##### Data for this exercise

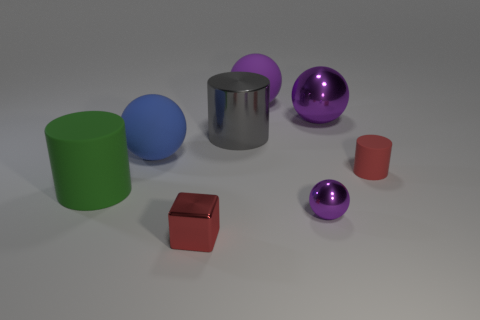Subtract all green blocks. How many purple spheres are left? 3 Add 2 red matte cylinders. How many objects exist? 10 Subtract all blocks. How many objects are left? 7 Add 4 large purple rubber objects. How many large purple rubber objects exist? 5 Subtract 0 purple blocks. How many objects are left? 8 Subtract all cyan cylinders. Subtract all red objects. How many objects are left? 6 Add 3 red things. How many red things are left? 5 
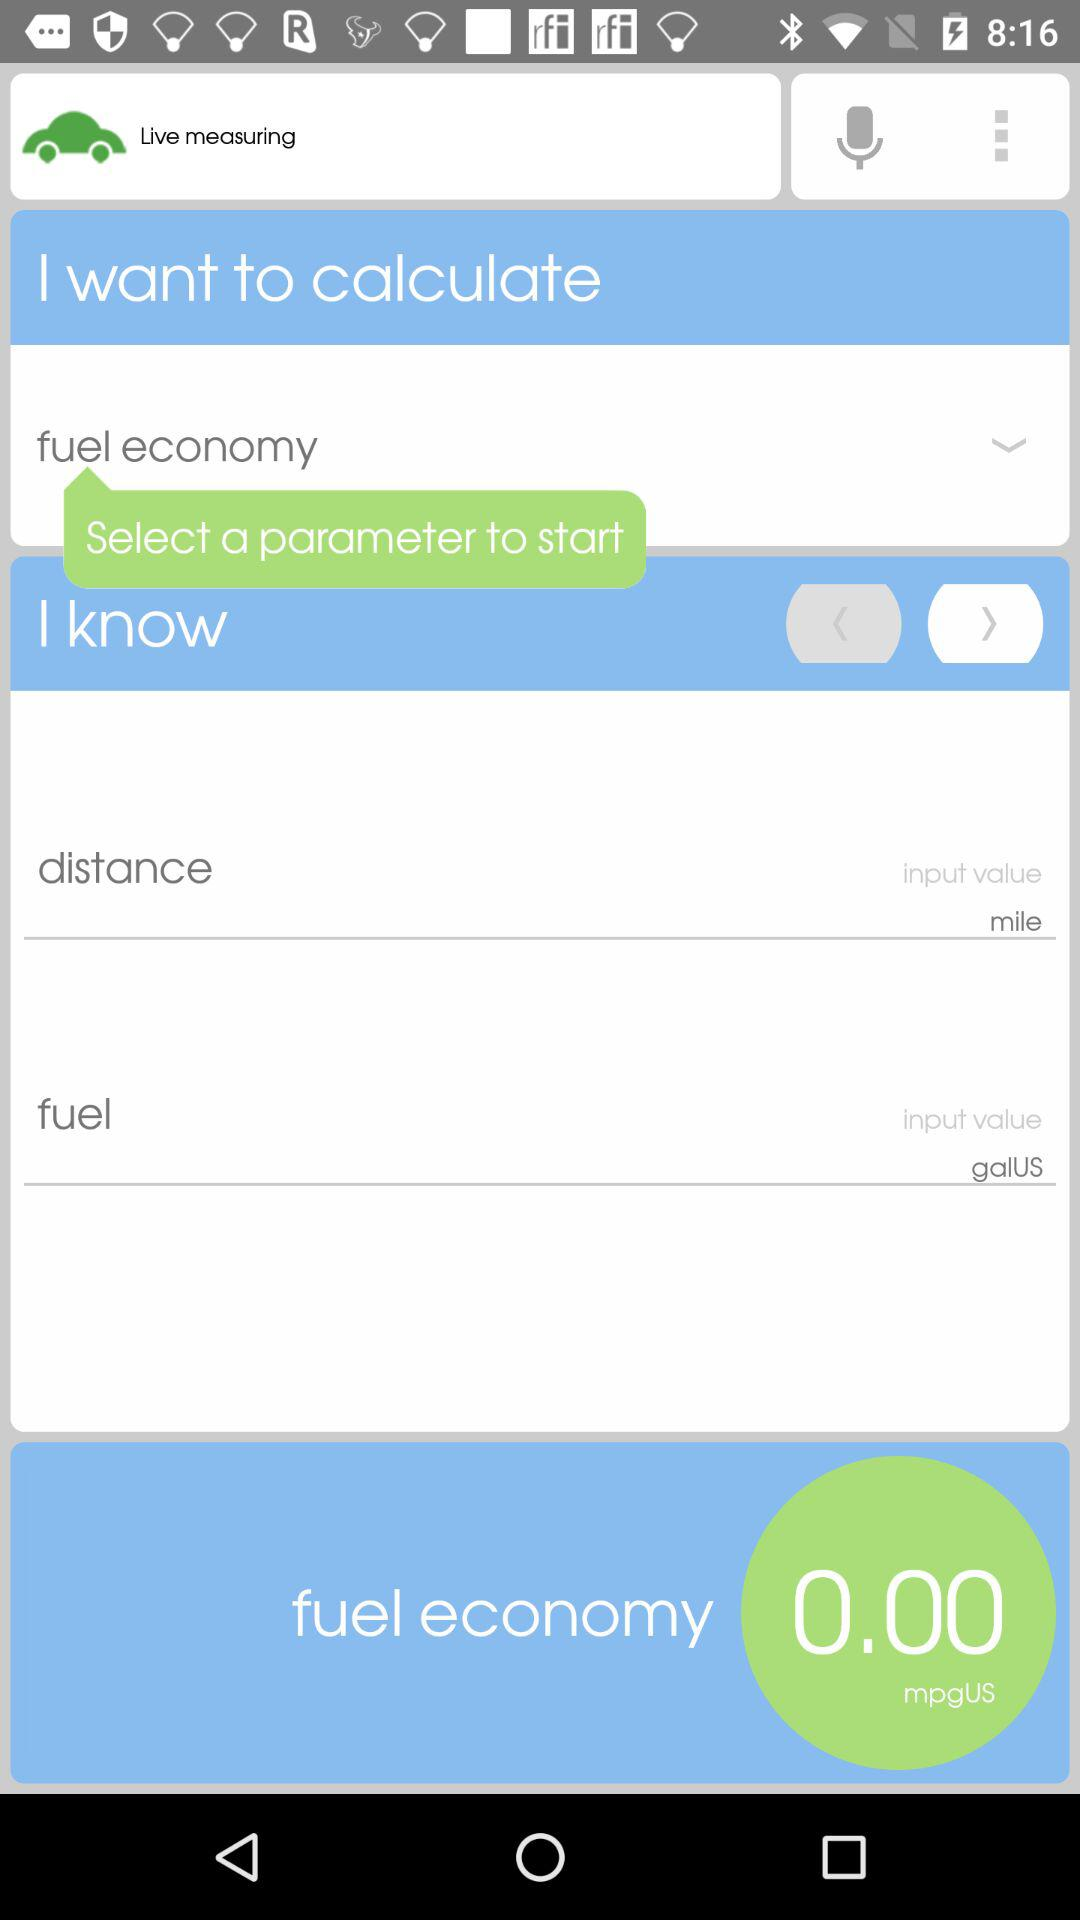What is the value of the fuel economy? The value of fuel economy is 0.0 mpg US. 
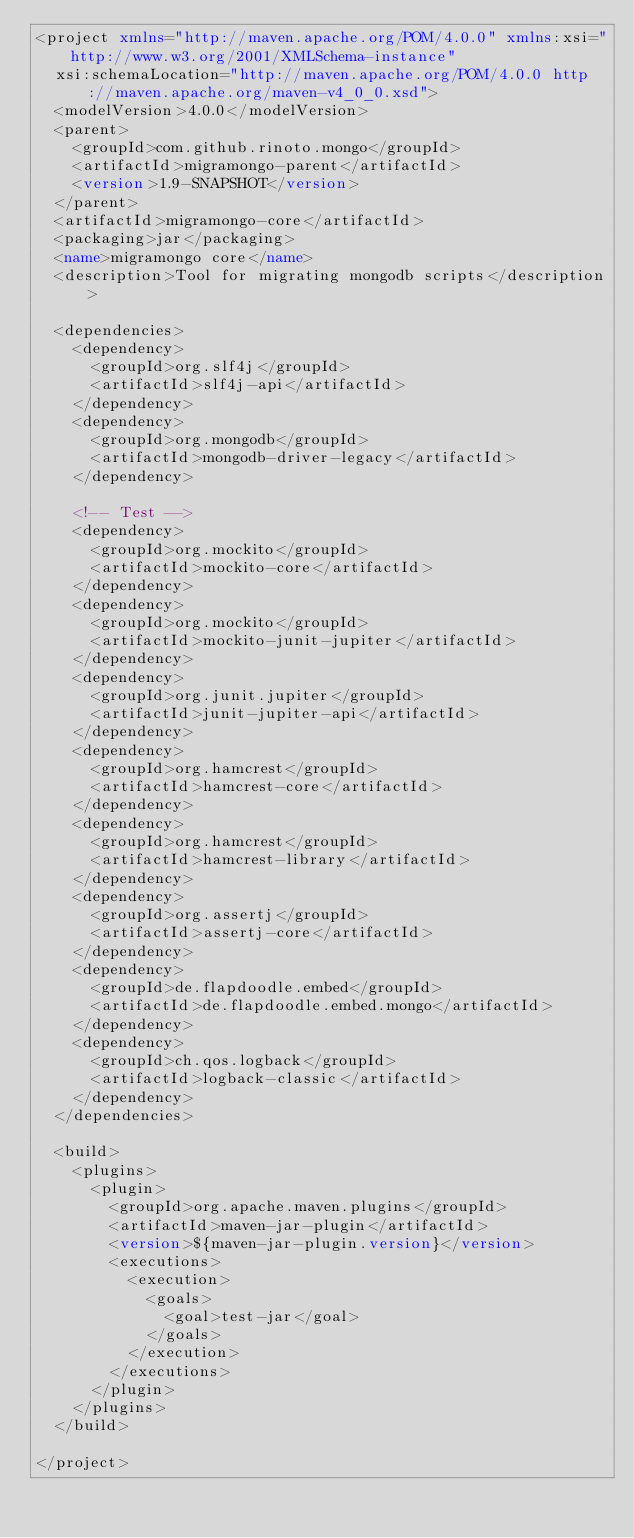Convert code to text. <code><loc_0><loc_0><loc_500><loc_500><_XML_><project xmlns="http://maven.apache.org/POM/4.0.0" xmlns:xsi="http://www.w3.org/2001/XMLSchema-instance"
	xsi:schemaLocation="http://maven.apache.org/POM/4.0.0 http://maven.apache.org/maven-v4_0_0.xsd">
	<modelVersion>4.0.0</modelVersion>
	<parent>
		<groupId>com.github.rinoto.mongo</groupId>
		<artifactId>migramongo-parent</artifactId>
		<version>1.9-SNAPSHOT</version>
	</parent>
	<artifactId>migramongo-core</artifactId>
	<packaging>jar</packaging>
	<name>migramongo core</name>
	<description>Tool for migrating mongodb scripts</description>

	<dependencies>
		<dependency>
			<groupId>org.slf4j</groupId>
			<artifactId>slf4j-api</artifactId>
		</dependency>
		<dependency>
			<groupId>org.mongodb</groupId>
			<artifactId>mongodb-driver-legacy</artifactId>
		</dependency>

		<!-- Test -->
		<dependency>
			<groupId>org.mockito</groupId>
			<artifactId>mockito-core</artifactId>
		</dependency>
		<dependency>
			<groupId>org.mockito</groupId>
			<artifactId>mockito-junit-jupiter</artifactId>
		</dependency>
		<dependency>
			<groupId>org.junit.jupiter</groupId>
			<artifactId>junit-jupiter-api</artifactId>
		</dependency>
		<dependency>
			<groupId>org.hamcrest</groupId>
			<artifactId>hamcrest-core</artifactId>
		</dependency>
		<dependency>
			<groupId>org.hamcrest</groupId>
			<artifactId>hamcrest-library</artifactId>
		</dependency>
		<dependency>
			<groupId>org.assertj</groupId>
			<artifactId>assertj-core</artifactId>
		</dependency>
		<dependency>
			<groupId>de.flapdoodle.embed</groupId>
			<artifactId>de.flapdoodle.embed.mongo</artifactId>
		</dependency>
		<dependency>
			<groupId>ch.qos.logback</groupId>
			<artifactId>logback-classic</artifactId>
		</dependency>
	</dependencies>

	<build>
		<plugins>
			<plugin>
				<groupId>org.apache.maven.plugins</groupId>
				<artifactId>maven-jar-plugin</artifactId>
				<version>${maven-jar-plugin.version}</version>
				<executions>
					<execution>
						<goals>
							<goal>test-jar</goal>
						</goals>
					</execution>
				</executions>
			</plugin>
		</plugins>
	</build>

</project>

</code>

##########

What to work on :: Your task is to reproduce exactly the lines that begin at the line containing "<goal>test-jar</goal>" and end at the final line of the data above.

Answer to this problem ::
							<goal>test-jar</goal>
						</goals>
					</execution>
				</executions>
			</plugin>
		</plugins>
	</build>

</project>

</code>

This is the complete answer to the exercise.